[Data extracted from a collection]:
..........
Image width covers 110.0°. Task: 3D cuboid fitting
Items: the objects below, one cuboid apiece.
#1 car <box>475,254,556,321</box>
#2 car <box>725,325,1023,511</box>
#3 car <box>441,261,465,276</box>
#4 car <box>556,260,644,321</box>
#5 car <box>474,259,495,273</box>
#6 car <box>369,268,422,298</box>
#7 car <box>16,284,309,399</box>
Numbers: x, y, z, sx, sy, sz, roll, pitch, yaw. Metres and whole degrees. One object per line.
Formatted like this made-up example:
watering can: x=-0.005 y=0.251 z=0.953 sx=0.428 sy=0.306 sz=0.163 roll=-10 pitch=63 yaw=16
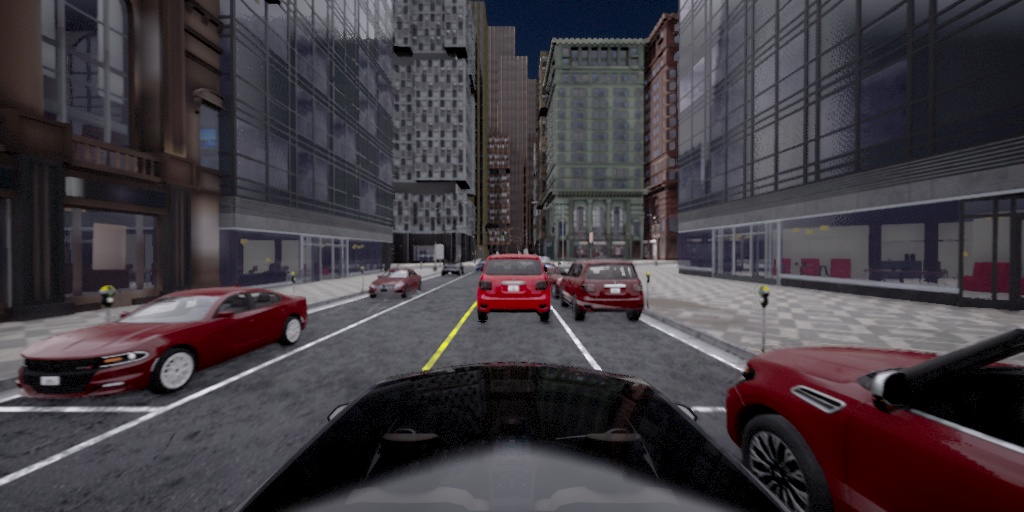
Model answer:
..........
[What you will do]:
Down to the last line, return the entries above exactly, with no pictures.

[Solution for this exercise]:
Image width covers 110.0°. Task: 3D cuboid fitting
Items: the objects below, one cuboid apiece.
#1 car <box>475,254,556,321</box>
#2 car <box>725,325,1023,511</box>
#3 car <box>441,261,465,276</box>
#4 car <box>556,260,644,321</box>
#5 car <box>474,259,495,273</box>
#6 car <box>369,268,422,298</box>
#7 car <box>16,284,309,399</box>
Numbers: x, y, z, sx, sy, sz, roll, pitch, yaw. Metres and whole degrees. One object per line.
Formatted like this made-up example:
watering can: x=-0.005 y=0.251 z=0.953 sx=0.428 sy=0.306 sz=0.163 roll=-10 pitch=63 yaw=16
Model answer:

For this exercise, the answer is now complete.